By Margaux Williamson
(I watched this with my friend Sheila Heti late at night in a cabin in the woods. We projected it onto a wall with our make-shift entertainment system. We were under the shared assumption that it was possibly the most entertaining movie that we brought with us. Every 25 minutes or so Sheila would say, “I think maybe I’ve seen this before.”)
There is a ballet company. The Company is in Chicago. The director wears a yellow scarf. He calls people “baby” or sometimes “genius.” A “genius” comes from Canada to choreograph a new ballet, “The Blue Snake.” There is not enough money to make “The Blue Snake,” but the director (easy and charming) says he will find it. The dancers continue to practice and perform, sometimes in a mirrored studio and sometimes to an audience in the rain. Sometimes new dancers arrive, sometimes dancers quit. Some of the dancers live together in a crowded apartment because maybe they don’t get paid a lot. Ryan is one of the dancers. Ryan lives in a big apartment all alone, maybe because she works a night job as a waitress. One night after her nightshift, she plays pool by herself in a bar. James Franco watches her. He has come to the bar after his nightshift as a chef. He goes back to her apartment with her and makes her an omelet in the morning. Ryan’s family comes out to a lot of her performances. They are clearly supportive if not greatly responsible for her career as a dancer. No one talks much. Sometimes the dancers get injured. When one is injured, another ballet dancer takes his or her place. Ryan is in the spotlight after a few others have suffered injuries. Her spotlight is brief, injuring herself while dancing “The Blue Snake.” She’s okay about it, even smiling, and James Franco crosses the stage awkwardly to give her flowers, while the dancers bow after the performance is done. In the last scene, the dancers come out of the mouth of a giant head and dance around. The head looks wrathful and also a little bit like the company’s director.
The best part of the movie was during The Company’s “Christmas Roast” when the dancers, on a make-shift stage, dress as different members of The Company and act out skits representing scenarios that we have already seen. Although the skits were literal representations, they were loose and playful. It was kind of nice to remember that the dancers, like us, have witnessed the scenarios they were part of. Now they are making fun of one of the romantic dances that happened in a thunderstorm. Now they are making fun of the “genius from Canadia.” It made the rest of the movie seem even more starkly like real life – lacking in poetry and even in .. “representation.”
It’s pretty interesting when a movie doesn’t work – when the poetry seems absent, the metaphors don’t resonate, when the art seems missing. It makes the movies that work seem like miracles. It’s especially interesting when a movie like this doesn’t work – a movie where the skill and craft and the director’s experience are all clearly on display.

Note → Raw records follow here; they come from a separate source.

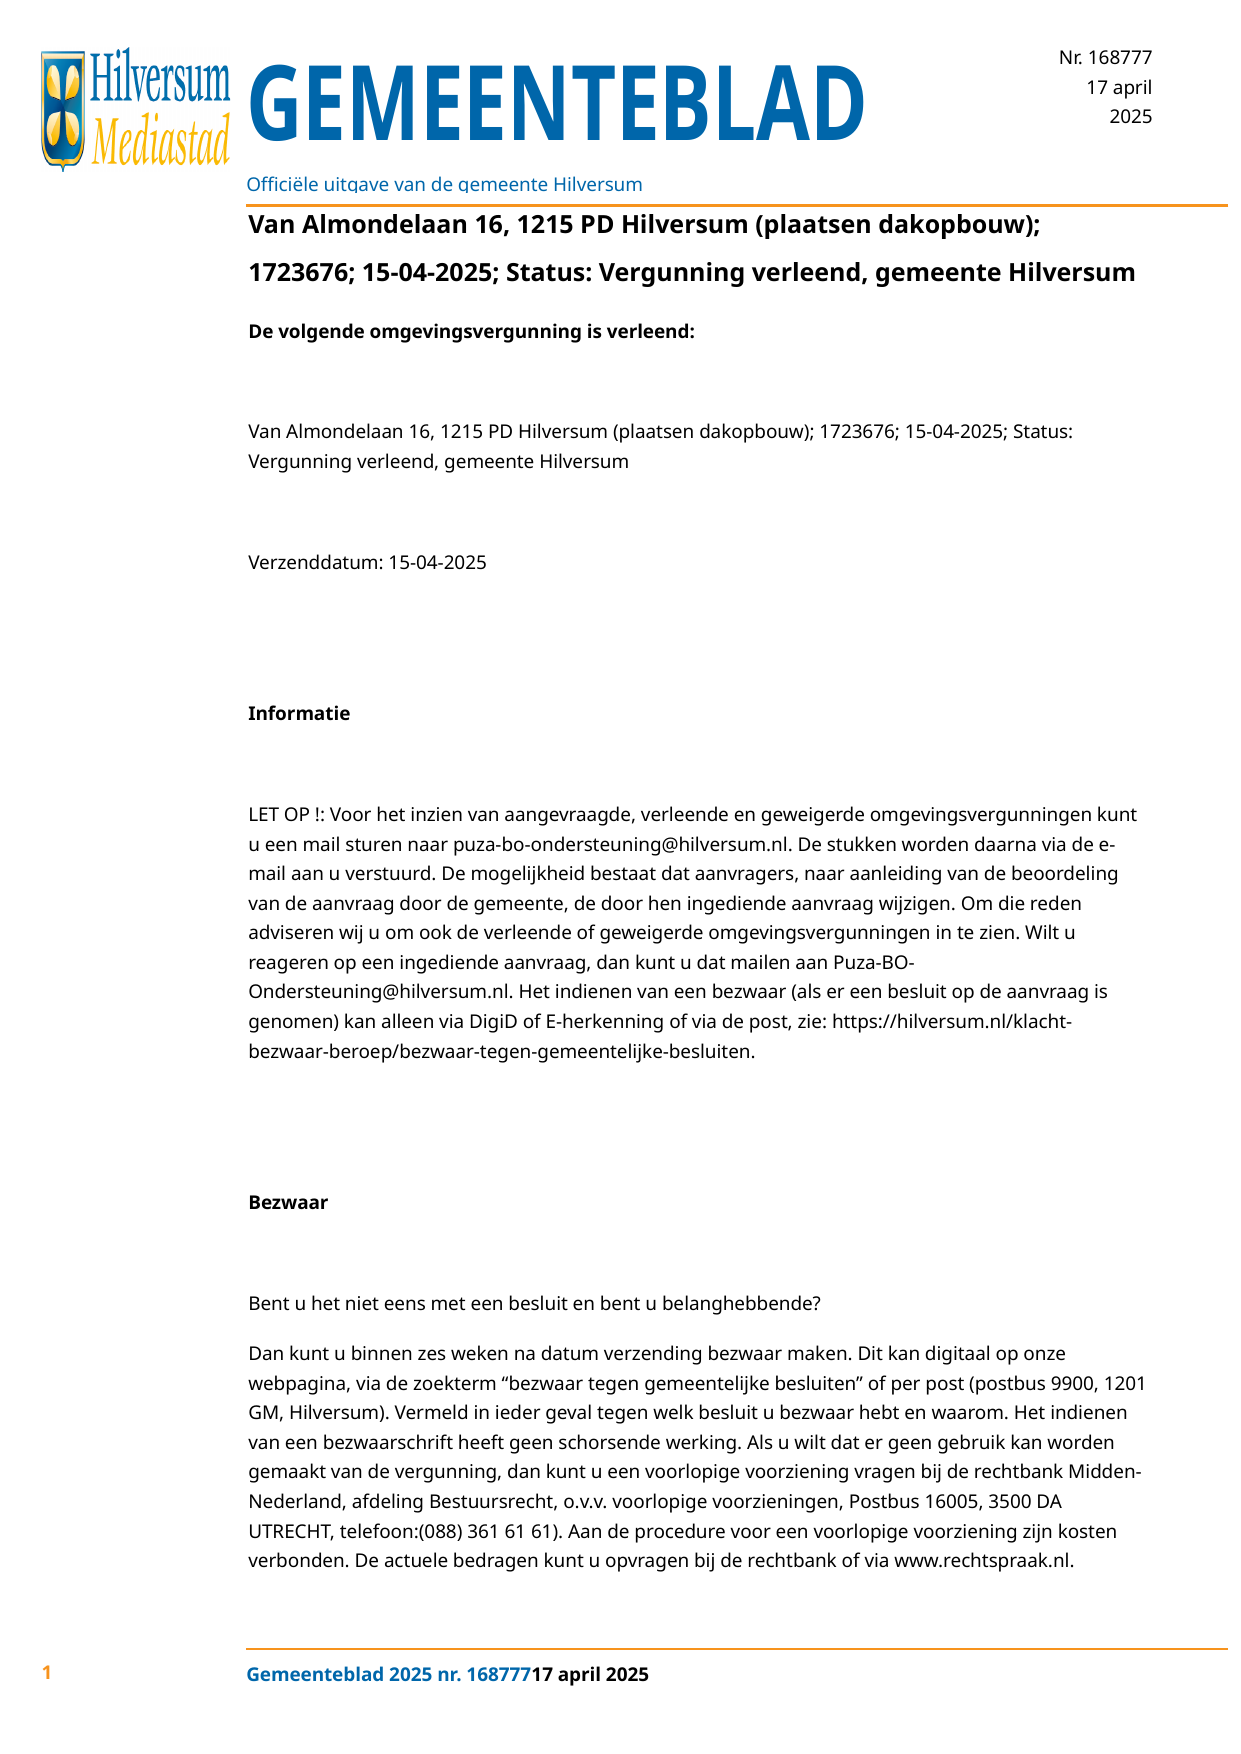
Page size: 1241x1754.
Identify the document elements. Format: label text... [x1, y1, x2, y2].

text Informatie [248, 700, 1152, 726]
text Verzenddatum: 15-04-2025 [248, 549, 1152, 575]
text De volgende omgevingsvergunning is verleend: [248, 318, 1152, 344]
picture [41, 47, 231, 172]
text Van Almondelaan 16, 1215 PD Hilversum (plaatsen dakopbouw); 1723676; 15-04-2025; Status: Vergunning verleend, gemeente Hilversum [248, 419, 1152, 474]
text LET OP !: Voor het inzien van aangevraagde, verleende en geweigerde omgevingsvergunningen kunt u een mail sturen naar puza-bo-ondersteuning@hilversum.nl. De stukken worden daarna via de e-mail aan u verstuurd. De mogelijkheid bestaat dat aanvragers, naar aanleiding van de beoordeling van de aanvraag door de gemeente, de door hen ingediende aanvraag wijzigen. Om die reden adviseren wij u om ook de verleende of geweigerde omgevingsvergunningen in te zien. Wilt u reageren op een ingediende aanvraag, dan kunt u dat mailen aan Puza-BO-Ondersteuning@hilversum.nl. Het indienen van een bezwaar (als er een besluit op de aanvraag is genomen) kan alleen via DigiD of E-herkenning of via de post, zie: https://hilversum.nl/klacht-bezwaar-beroep/bezwaar-tegen-gemeentelijke-besluiten. [248, 801, 1152, 1064]
text Dan kunt u binnen zes weken na datum verzending bezwaar maken. Dit kan digitaal op onze webpagina, via de zoekterm “bezwaar tegen gemeentelijke besluiten” of per post (postbus 9900, 1201 GM, Hilversum). Vermeld in ieder geval tegen welk besluit u bezwaar hebt en waarom. Het indienen van een bezwaarschrift heeft geen schorsende werking. Als u wilt dat er geen gebruik kan worden gemaakt van de vergunning, dan kunt u een voorlopige voorziening vragen bij de rechtbank Midden-Nederland, afdeling Bestuursrecht, o.v.v. voorlopige voorzieningen, Postbus 16005, 3500 DA UTRECHT, telefoon:(088) 361 61 61). Aan de procedure voor een voorlopige voorziening zijn kosten verbonden. De actuele bedragen kunt u opvragen bij de rechtbank of via www.rechtspraak.nl. [248, 1340, 1152, 1573]
text Bent u het niet eens met een besluit en bent u belanghebbende? [248, 1290, 1152, 1316]
text Bezwaar [248, 1189, 1152, 1215]
text Van Almondelaan 16, 1215 PD Hilversum (plaatsen dakopbouw); 1723676; 15-04-2025; Status: Vergunning verleend, gemeente Hilversum [248, 207, 1152, 288]
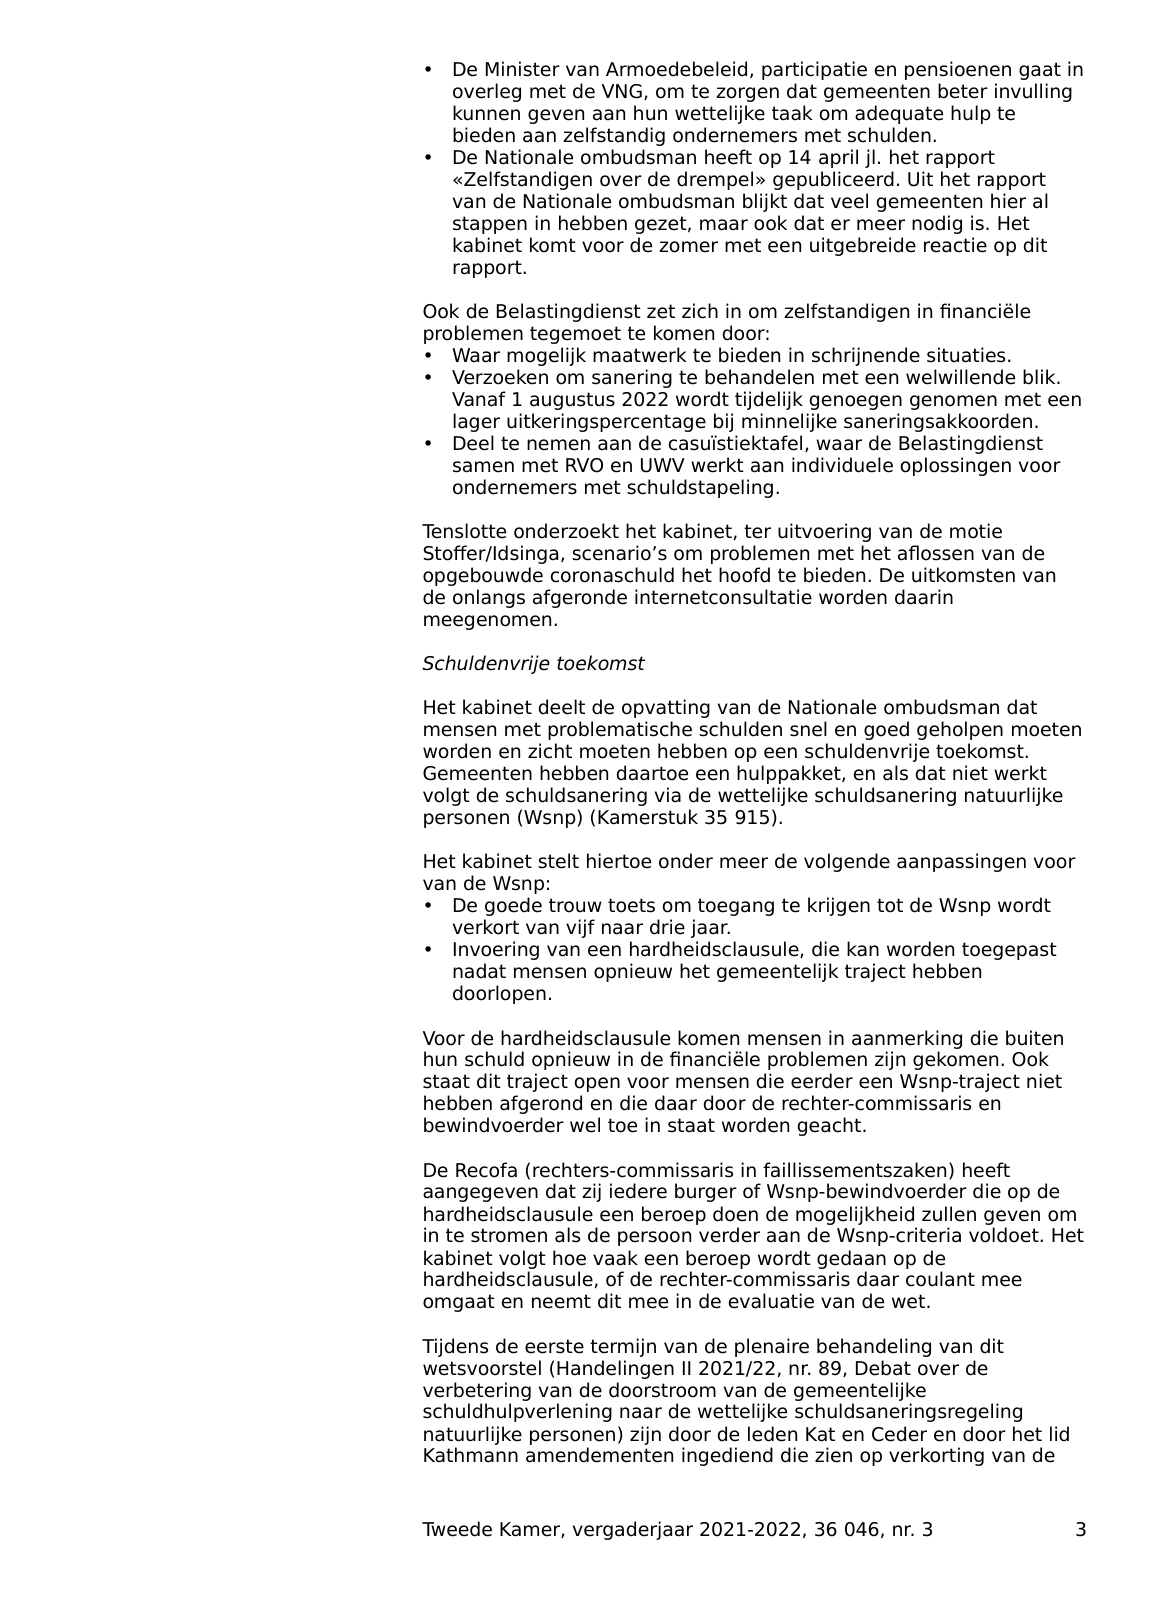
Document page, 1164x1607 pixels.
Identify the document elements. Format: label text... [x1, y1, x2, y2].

text Ook de Belastingdienst zet zich in om zelfstandigen in financiële problemen tegemoet te komen door: [422, 301, 1087, 345]
text Het kabinet stelt hiertoe onder meer de volgende aanpassingen voor van de Wsnp: [422, 851, 1087, 895]
text • De goede trouw toets om toegang te krijgen tot de Wsnp wordt verkort van vijf naar drie jaar. [422, 895, 1087, 939]
text • De Nationale ombudsman heeft op 14 april jl. het rapport «Zelfstandigen over de drempel» gepubliceerd. Uit het rapport van de Nationale ombudsman blijkt dat veel gemeenten hier al stappen in hebben gezet, maar ook dat er meer nodig is. Het kabinet komt voor de zomer met een uitgebreide reactie op dit rapport. [422, 147, 1087, 279]
text • De Minister van Armoedebeleid, participatie en pensioenen gaat in overleg met de VNG, om te zorgen dat gemeenten beter invulling kunnen geven aan hun wettelijke taak om adequate hulp te bieden aan zelfstandig ondernemers met schulden. [422, 59, 1087, 147]
subtitle Schuldenvrije toekomst [422, 653, 1087, 675]
text Tenslotte onderzoekt het kabinet, ter uitvoering van de motie Stoffer/Idsinga, scenario’s om problemen met het aflossen van de opgebouwde coronaschuld het hoofd te bieden. De uitkomsten van de onlangs afgeronde internetconsultatie worden daarin meegenomen. [422, 521, 1087, 631]
text • Verzoeken om sanering te behandelen met een welwillende blik. Vanaf 1 augustus 2022 wordt tijdelijk genoegen genomen met een lager uitkeringspercentage bij minnelijke saneringsakkoorden. [422, 367, 1087, 433]
text De Recofa (rechters-commissaris in faillissementszaken) heeft aangegeven dat zij iedere burger of Wsnp-bewindvoerder die op de hardheidsclausule een beroep doen de mogelijkheid zullen geven om in te stromen als de persoon verder aan de Wsnp-criteria voldoet. Het kabinet volgt hoe vaak een beroep wordt gedaan op de hardheidsclausule, of de rechter-commissaris daar coulant mee omgaat en neemt dit mee in de evaluatie van de wet. [422, 1159, 1087, 1313]
text • Waar mogelijk maatwerk te bieden in schrijnende situaties. [422, 345, 1087, 367]
text Tijdens de eerste termijn van de plenaire behandeling van dit wetsvoorstel (Handelingen II 2021/22, nr. 89, Debat over de verbetering van de doorstroom van de gemeentelijke schuldhulpverlening naar de wettelijke schuldsaneringsregeling natuurlijke personen) zijn door de leden Kat en Ceder en door het lid Kathmann amendementen ingediend die zien op verkorting van de [422, 1336, 1087, 1467]
text Het kabinet deelt de opvatting van de Nationale ombudsman dat mensen met problematische schulden snel en goed geholpen moeten worden en zicht moeten hebben op een schuldenvrije toekomst. Gemeenten hebben daartoe een hulppakket, en als dat niet werkt volgt de schuldsanering via de wettelijke schuldsanering natuurlijke personen (Wsnp) (Kamerstuk 35 915). [422, 697, 1087, 829]
text • Invoering van een hardheidsclausule, die kan worden toegepast nadat mensen opnieuw het gemeentelijk traject hebben doorlopen. [422, 939, 1087, 1005]
text • Deel te nemen aan de casuïstiektafel, waar de Belastingdienst samen met RVO en UWV werkt aan individuele oplossingen voor ondernemers met schuldstapeling. [422, 433, 1087, 499]
text Voor de hardheidsclausule komen mensen in aanmerking die buiten hun schuld opnieuw in de financiële problemen zijn gekomen. Ook staat dit traject open voor mensen die eerder een Wsnp-traject niet hebben afgerond en die daar door de rechter-commissaris en bewindvoerder wel toe in staat worden geacht. [422, 1027, 1087, 1137]
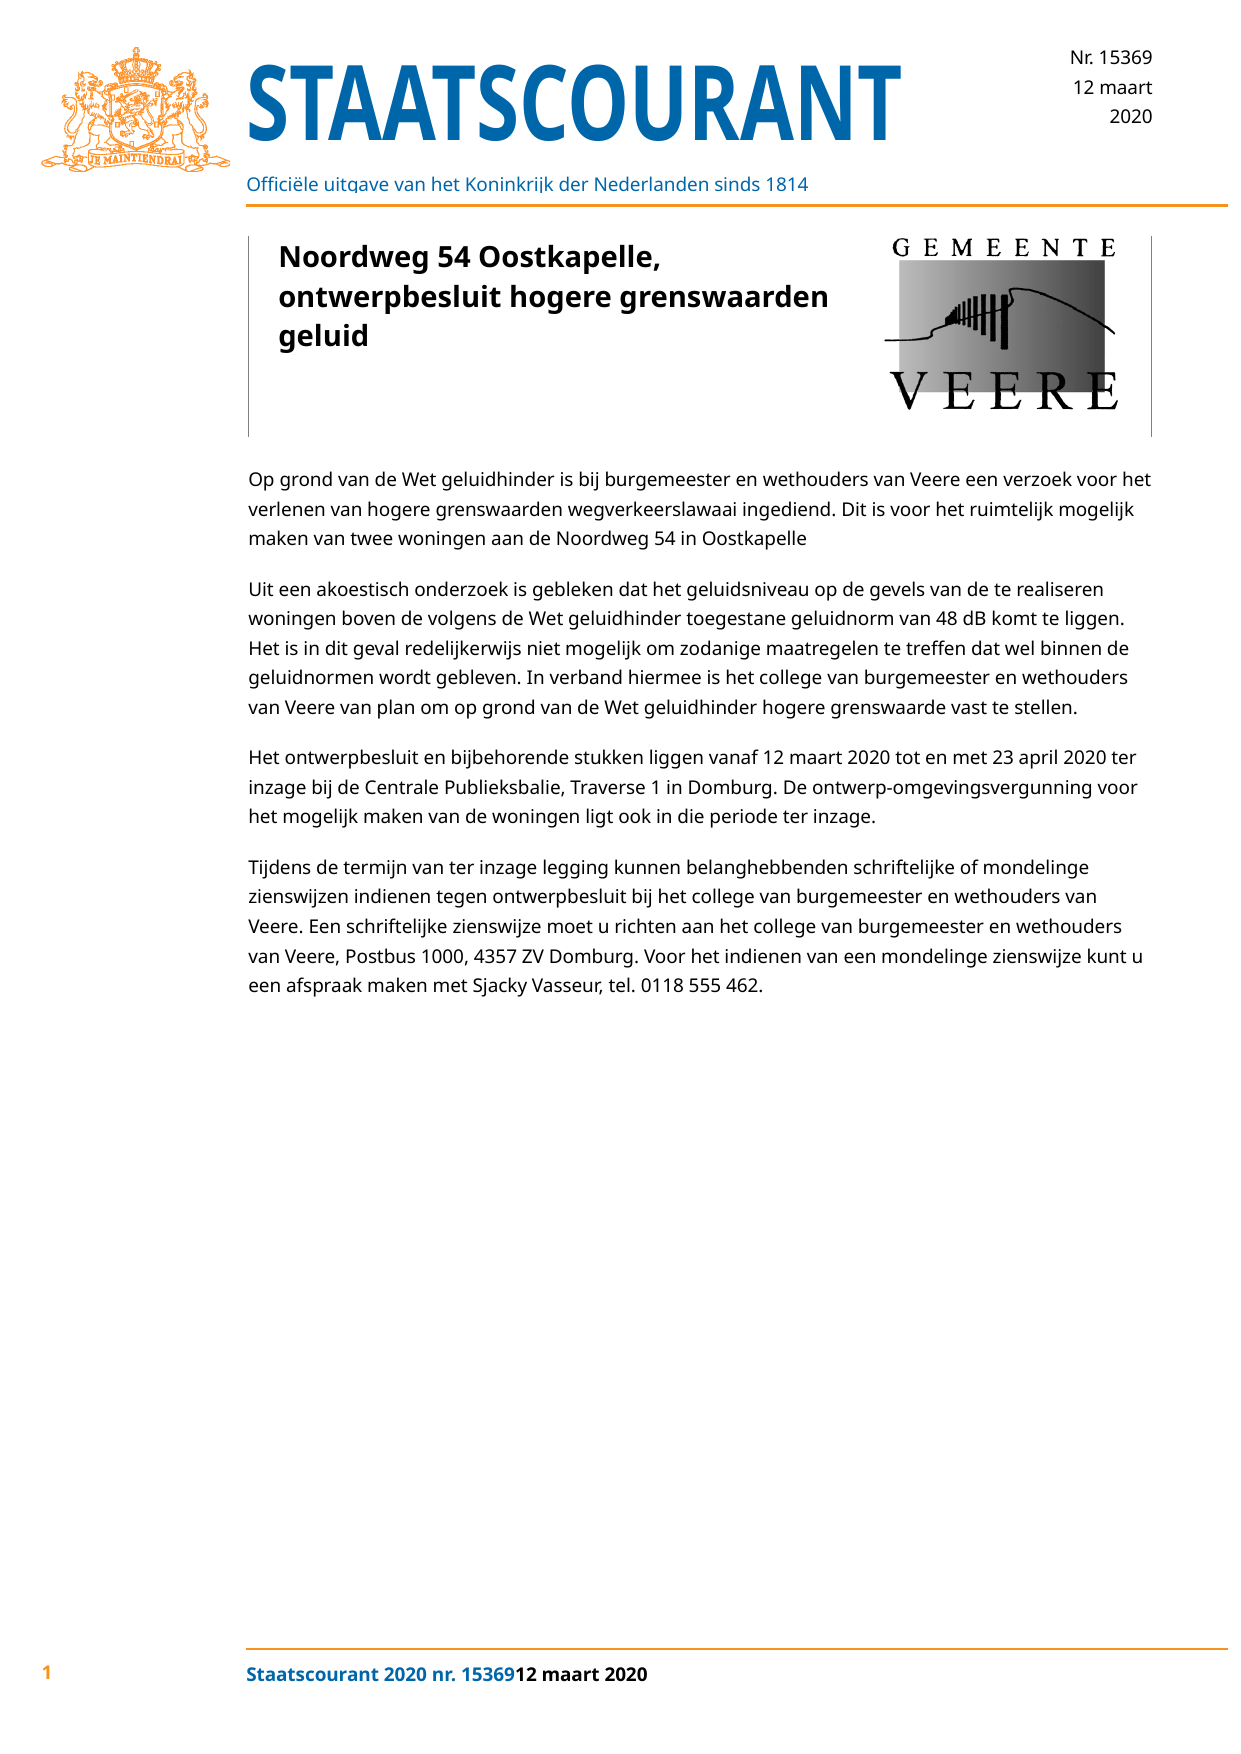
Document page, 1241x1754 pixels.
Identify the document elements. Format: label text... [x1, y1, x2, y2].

table_header Noordweg 54 Oostkapelle, ontwerpbesluit hogere grenswaarden geluid [249, 236, 850, 437]
text Het ontwerpbesluit en bijbehorende stukken liggen vanaf 12 maart 2020 tot en met 23 april 2020 ter inzage bij de Centrale Publieksbalie, Traverse 1 in Domburg. De ontwerp-omgevingsvergunning voor het mogelijk maken van de woningen ligt ook in die periode ter inzage. [248, 744, 1152, 829]
table_header [850, 236, 1151, 437]
picture [41, 47, 231, 172]
text Op grond van de Wet geluidhinder is bij burgemeester en wethouders van Veere een verzoek voor het verlenen van hogere grenswaarden wegverkeerslawaai ingediend. Dit is voor het ruimtelijk mogelijk maken van twee woningen aan de Noordweg 54 in Oostkapelle [248, 466, 1152, 551]
text Uit een akoestisch onderzoek is gebleken dat het geluidsniveau op de gevels van de te realiseren woningen boven de volgens de Wet geluidhinder toegestane geluidnorm van 48 dB komt te liggen. Het is in dit geval redelijkerwijs niet mogelijk om zodanige maatregelen te treffen dat wel binnen de geluidnormen wordt gebleven. In verband hiermee is het college van burgemeester en wethouders van Veere van plan om op grond van de Wet geluidhinder hogere grenswaarde vast te stellen. [248, 576, 1152, 720]
text Tijdens de termijn van ter inzage legging kunnen belanghebbenden schriftelijke of mondelinge zienswijzen indienen tegen ontwerpbesluit bij het college van burgemeester en wethouders van Veere. Een schriftelijke zienswijze moet u richten aan het college van burgemeester en wethouders van Veere, Postbus 1000, 4357 ZV Domburg. Voor het indienen van een mondelinge zienswijze kunt u een afspraak maken met Sjacky Vasseur, tel. 0118 555 462. [248, 854, 1152, 998]
picture [882, 236, 1119, 411]

Failure always seems to be an interesting part of good art. I guess it is easier to fall on your face if you happen to be reaching out far. Some failures are super interesting or easier to forgive than others, like: the bountiful missteps of Marlon Brando; the masterpieces of David Cronenberg that are aiming for the multiplex but end up at the cineforum; the David Lynch-like silence that sometimes follows David Lynch movies; the ambition in Sofia Coppola’s awkwardly revealing “Marie Antoinette” (though to be fair, I didn’t see the end because in the cinema in which I was watching it, the film caught on fire);the incaution in Woody Allen’s one-movie-a-year output (also often awkwardly revealing). Groping and searching and hubris always seem more generous than an immaculate career – more like contributions.
Nothing horrible is revealed in “The Company” other than the fact that it didn’t really work. I am guessing that a movie about an art system is a bigger challenge than a movie about a love affair. I guess at the end of “The Company” we are meant to see the giant head on stage as perhaps the art itself – spitting out dancers with broken bodies or failed or briefly glorious careers. It didn’t really resonate as it was supposed to, but I could see what the movie was maybe going for: art is as a merciless god, barely paying attention to the participants who offer their lives to it — some failing, some falling, some shining.
It’s okay, I think, as I gaze at the hand-painted ballet set, at the wrathful god’s wide-open mouth, projected onto the cottage wall (my friend half asleep beside me): It is only a god of the humans’ creation.